======== Data for this task

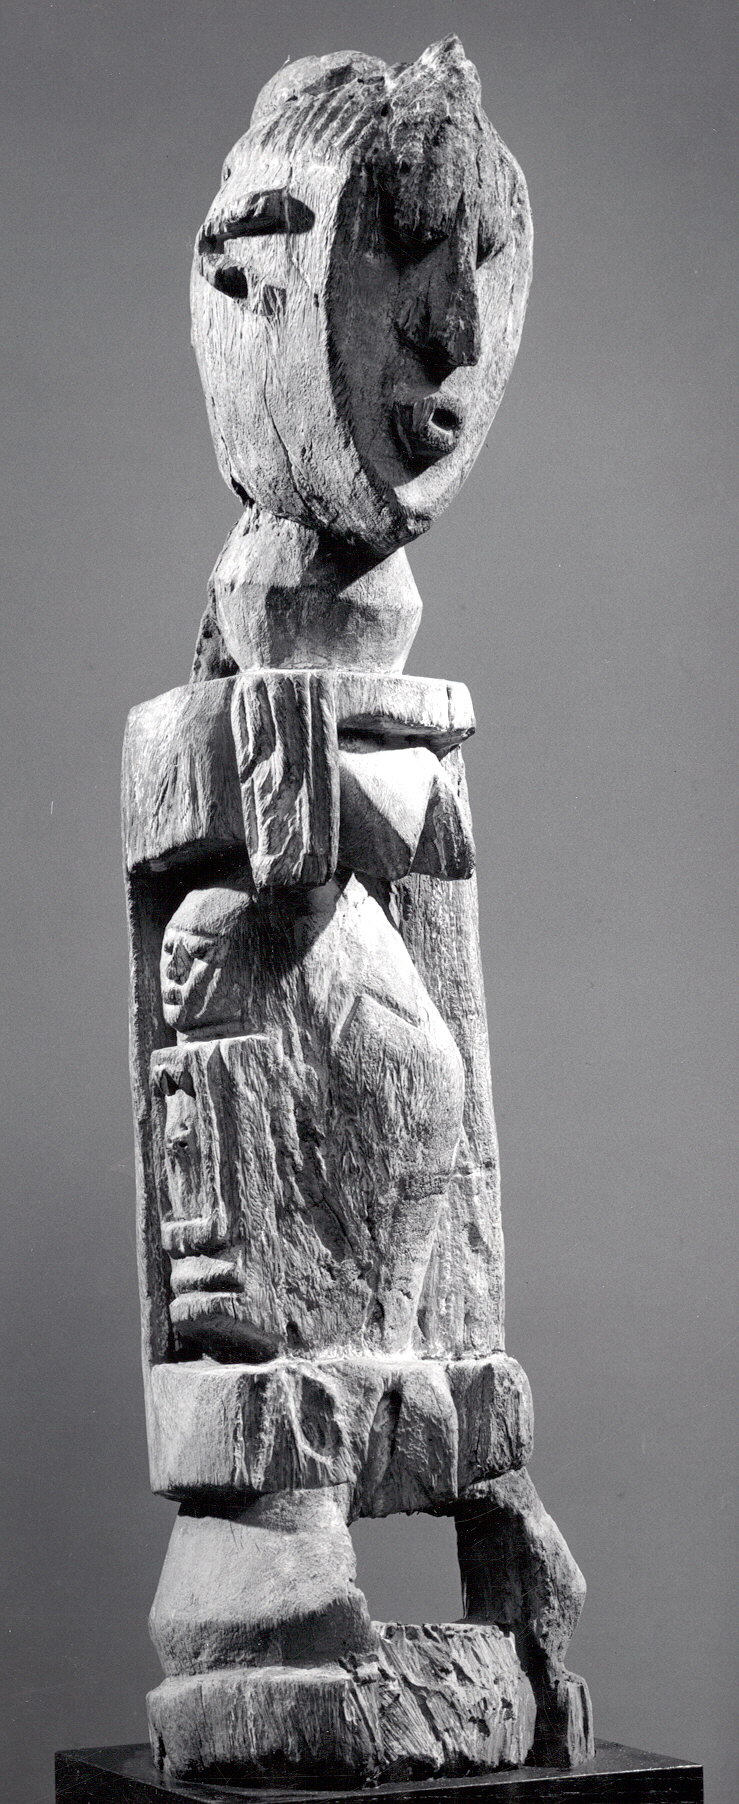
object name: figure
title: Figure: Female
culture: dogon
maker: dogon blacksmith
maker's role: artist
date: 1401-1900
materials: pigment, wood
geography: mali
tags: women

================

Each entry is to be returned precisely as it appears, but the pictures are to be dropped.

* **Result of this exercise**
object name: figure
title: Figure: Female
culture: dogon
maker: dogon blacksmith
maker's role: artist
date: 1401-1900
materials: pigment, wood
geography: mali
tags: women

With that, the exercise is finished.